Примечательно, что политизация всей страны быстро схлынула, и уже летом репертуар электротеатров вернулся на проторенную колею. На экраны возвращались декадентские салонные драмы и водевили, криминальные и псевдобытовые ленты, комедии и фарсы, которые умело уводили зрителей подальше от действительности, жить в которой не хотелось, но приходилось. Из 245 российских фильмов, снятых в 1917 году, по одним данным, всего 53 картины касалось революционной тематики, а по другим — лишь 37. Февральская революция не стала для искусства великой, не была им тотчас отрефлексирована, хотя на несколько месяцев превратилась в часть фантастического мира, за который отвечали движущиеся картинки. Люди были одурманены возможностью поменять власть, превратить сон в явь, однако быстро потребовали новых грез.
Из репертуара кинотеатров в мае 1917 года
Яков Протазанов«Революция оказала благодетельное влияние на кинематографическое искусство. В затхлый, удушливый воздух салонно-любовных сюжетов ворвалась свежая струя и сокрушила пресловутый Gejner: любовь — ревность — смерть. Отчетная картина смотрится с каким-то новым для посетителя кинематографов чувством. Новые образы, новые переживания, связанные с общественностью и ее сложными людскими отношениями. Если и здесь мы встречаемся с „любовью“ и со „смертью“, то, однако, в иной окраске, на другой плоскости.
Отчетливыми тонкими штрихами, безусловно выдержанными и законченными, артистка [Гзовская] создала безупречный образ молодой девушки, идущей на мученический подвиг борьбы против царских угнетателей и насильников. Впервые мы увидели на экране потрясающе просто и безыскусственно рассказанную драму девушки, осужденной на 20-летнюю каторгу за политическое убийство. Впервые увидели радость освобождения и горение женской души, когда Ольга Перновская с вдохновенным лицом кричит: „Не надо крови“. На этом месте следовало бы закончить картину и опустить занавес» («Кине-журнал», 1917, № 7—10, с. 67).
«Под обломками самодержавия» («Любил и… предал»)
Драма. Выпущена 21 мая 1917 года. Режиссер — Вячеслав Висковский (предположительно).
«Сюжет излагает историю провокатора, предавшего своего родного брата и поступившего в охрану Его Величества под вымышленной фамилией барона Толли. Герой пользуется большим успехом при дворе и снискивает благосклонное расположение какой-то высокой особы, которая становится его любовницей. В то же время герой влюбляется в дочь боевого генерала, настроенного антидинастически и замышляющего низвергнуть правительство. Провокатора арестовывают по подозрению в сочувствии замыслам генерала, и он, чтобы выгородить себя, заставляет девушку совершить убийство. Под влиянием провокатора дочь генерала совершает неудачный террористический акт на императора, восставший народ освобождает ее, а провокатор, видя неудачу своего замысла, кончает жизнь самоубийством.

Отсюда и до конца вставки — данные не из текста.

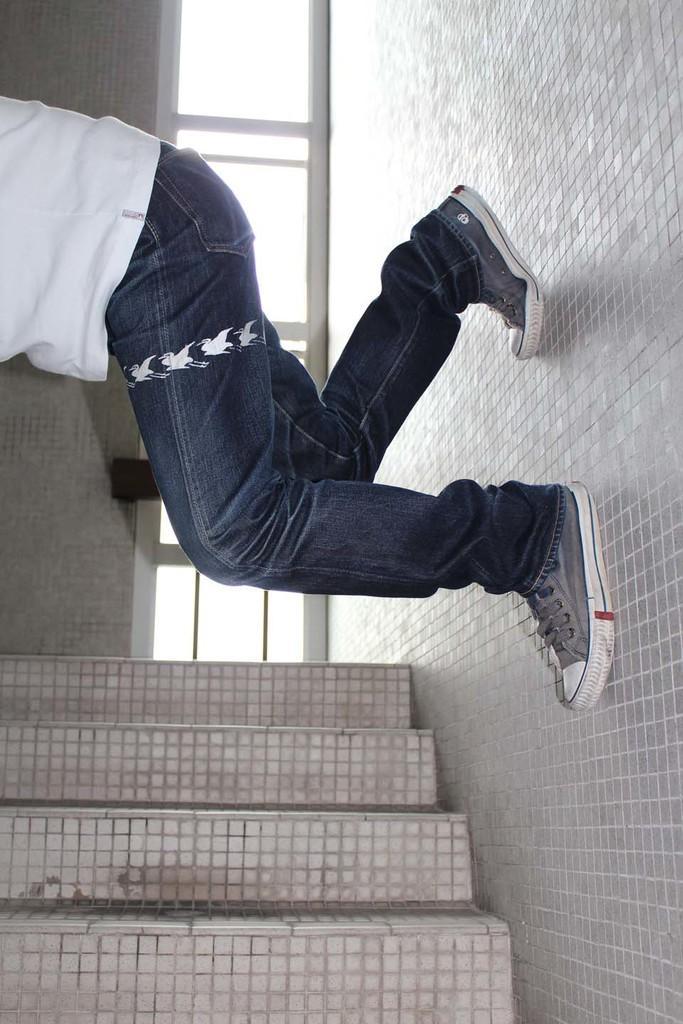Please provide a concise description of this image. In this picture we can see a person standing here, the person wore a t-shirt, jeans and shoes, we can see a wall here, there are some tiles here. 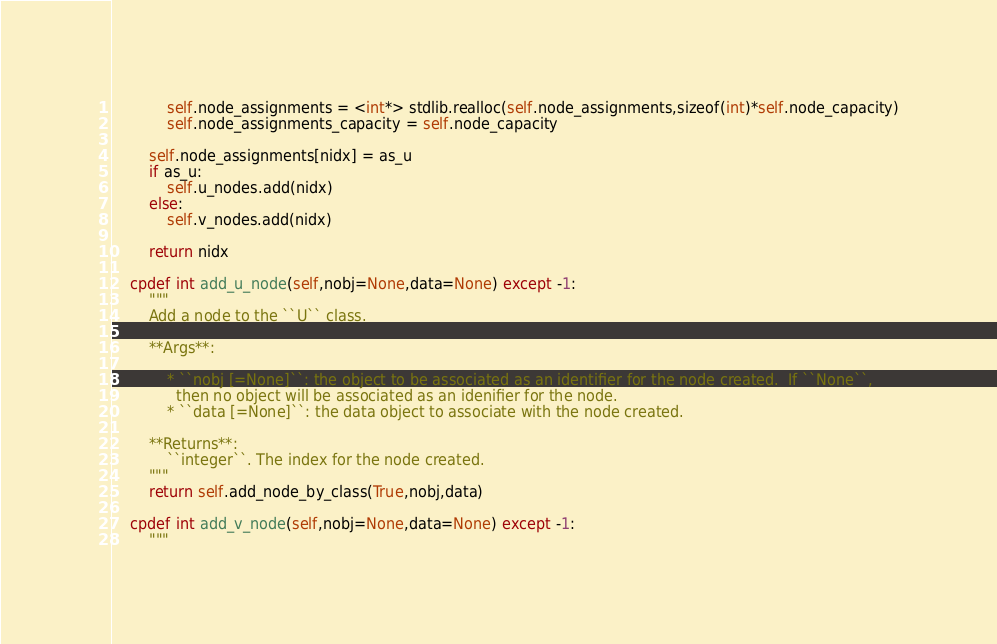<code> <loc_0><loc_0><loc_500><loc_500><_Cython_>			self.node_assignments = <int*> stdlib.realloc(self.node_assignments,sizeof(int)*self.node_capacity)
			self.node_assignments_capacity = self.node_capacity
			
		self.node_assignments[nidx] = as_u
		if as_u:
			self.u_nodes.add(nidx)
		else:
			self.v_nodes.add(nidx)
			
		return nidx
	
	cpdef int add_u_node(self,nobj=None,data=None) except -1:
		"""
		Add a node to the ``U`` class.  
		
		**Args**:
		
			* ``nobj [=None]``: the object to be associated as an identifier for the node created.  If ``None``,
			  then no object will be associated as an idenifier for the node.
			* ``data [=None]``: the data object to associate with the node created.
		
		**Returns**:
			``integer``. The index for the node created.
		"""
		return self.add_node_by_class(True,nobj,data)
		
	cpdef int add_v_node(self,nobj=None,data=None) except -1:
		"""</code>

Действие происходит в современной России, следовательно, историческая нелепость сюжета очевидна. Драма является наглой спекуляцией революционным чувством. Постановка нехудожественна и груба. Например, в одной сцене в частную квартиру толпа входит со знаменами, которые по необходимости чрезвычайно миниатюрны» («Кинобюллетень», 1918, с. 21).
«Царские опричники (Из золоченых мундиров — в арестантские халаты)»
Драма. Выпущена 3 мая 1917 года. Режиссеры — Георгий Инсаров, Николай Салтыков.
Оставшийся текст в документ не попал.